'How to correctly make a POST request to a form login and get the session-token?
I'm building a web crawler to scrape an web page information that are behind a authentication login form. So I need to login in the app with a bare HTTP request first to be able to scrape needed info.
As I know, the script need to send a POST request with login params urlencoded in addition with the csrf-token and also a unauthenticated session-cookie as a cookie header, right?
The app that I'm trying to scrape is: https://app-sandbox.kobana.com.br
Taking a look on GET request headers/body of the login page I got:
- a
metatag with namecsrf-paramwith content set toauthenticity_token - a
metatag with namecsrf-tokenand it's content - a hidden
inputtag with nameauthenticity_tokenand it's content - a unauthenticated
session-tokenthat can be retrieved fromset-cookieheader
When I do a POST request on browser, what is sent is this authenticity_token and a cookie header with multiples cookies values that I can't find in any request/response header.
So I tried to reproduce this login flow with cURL and after of send correct body/headers I receive a 302 response, which is ok.

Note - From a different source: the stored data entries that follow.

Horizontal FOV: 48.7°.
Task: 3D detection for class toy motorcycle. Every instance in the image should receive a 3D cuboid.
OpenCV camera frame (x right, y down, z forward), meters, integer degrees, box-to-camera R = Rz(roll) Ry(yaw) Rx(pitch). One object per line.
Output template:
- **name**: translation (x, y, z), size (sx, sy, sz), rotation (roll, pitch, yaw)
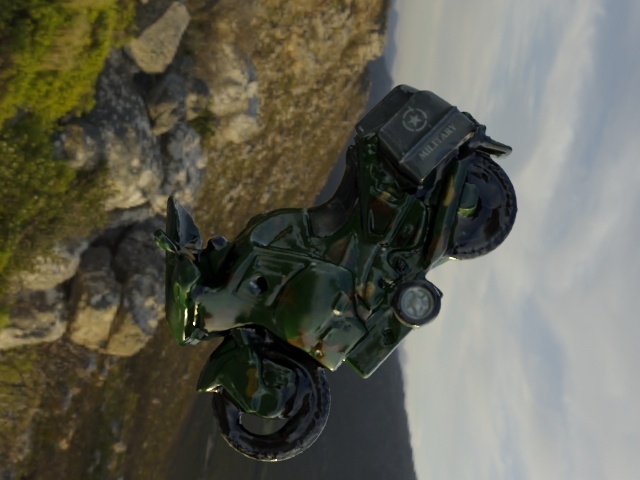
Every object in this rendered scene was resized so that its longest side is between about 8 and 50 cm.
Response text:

But following the redirect link I get a not_found 404 response.
I also tried to follow this flow with insomnia/postman but in this case I have a success login.
My actual code to retrieve the authenticated session-token is:
defmodule KobanaBrowserClient do
defp base_url, do: "https://app-sandbox.kobana.com.br"
defp sign_in_path, do: base_url() <> "/users/sign_in"
def sign_in(body, cookie) do
HttpClient.post(build_client(), sign_in_path(), body, headers: [{"cookie", cookie}])
end
def get_session_cookie(email, password) do
{:ok, response} = get_sign_in_page()
# Extrai o cookie não autenticado a partir do Headers
cookie = parse_session_cookie(response.headers)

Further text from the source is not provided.